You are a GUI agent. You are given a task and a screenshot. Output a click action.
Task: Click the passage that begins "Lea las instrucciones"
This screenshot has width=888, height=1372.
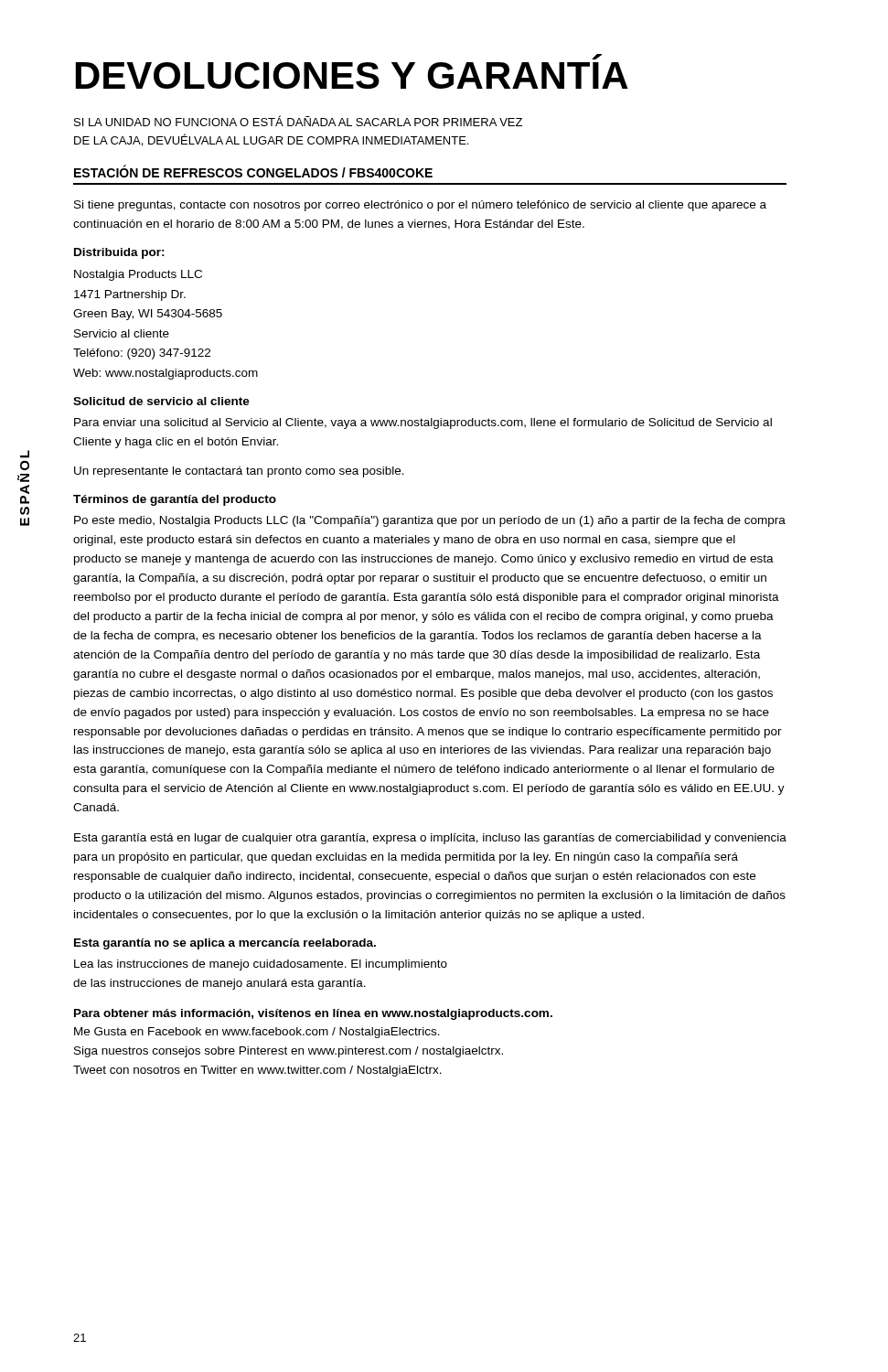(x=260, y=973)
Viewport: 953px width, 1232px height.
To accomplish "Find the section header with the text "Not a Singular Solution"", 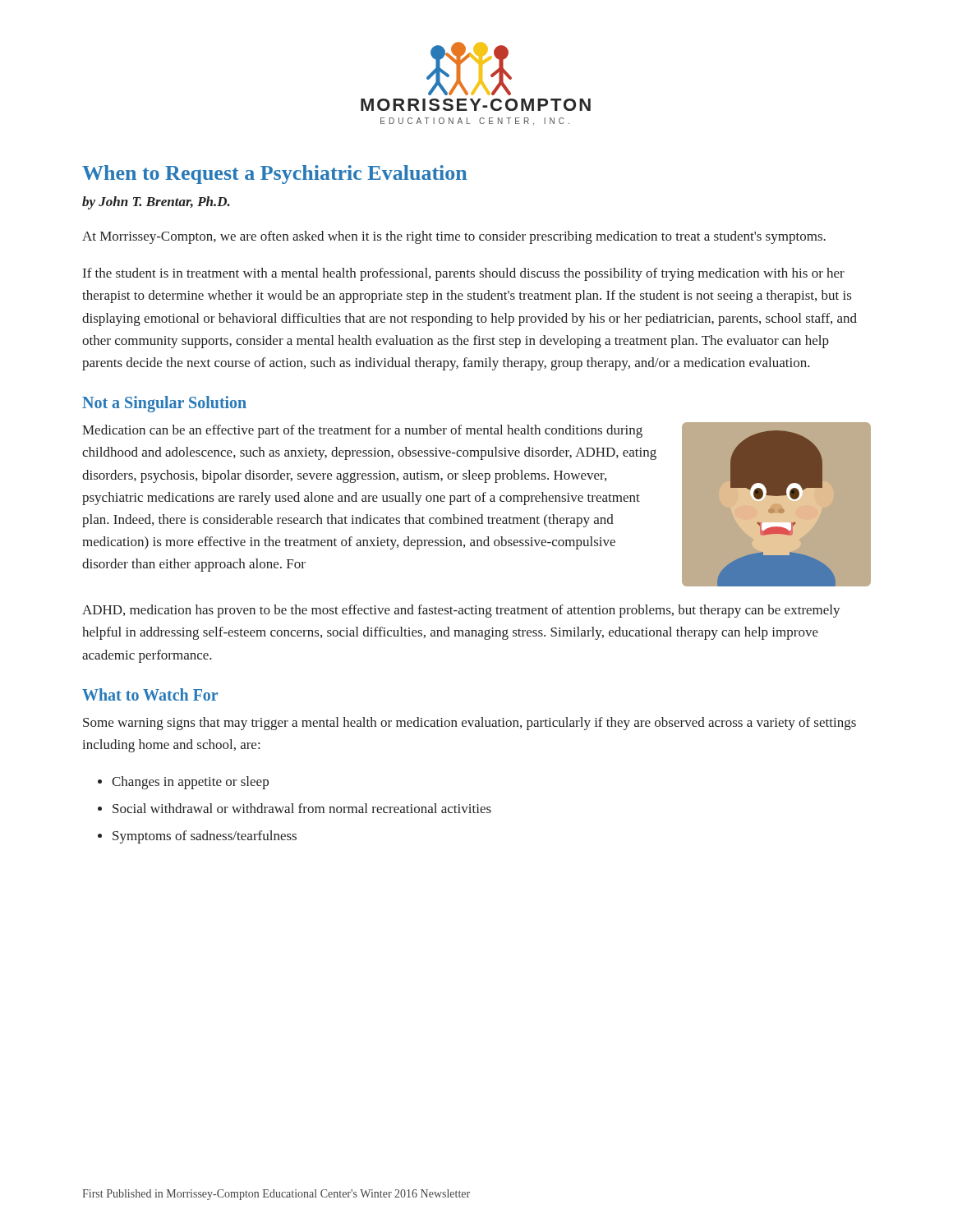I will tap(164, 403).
● ● ●
### Task instructions
Start with the first line of the records above and end with the line containing "Viewport: 953px width, 1232px height.". Output those lines exactly, pictures excluded.

### Finished exercise
You are a GUI agent. You are given a task and a screenshot. Output a click action.
Task: Click the passage that begins "Lea las instrucciones"
This screenshot has width=888, height=1372.
(x=260, y=973)
Viewport: 953px width, 1232px height.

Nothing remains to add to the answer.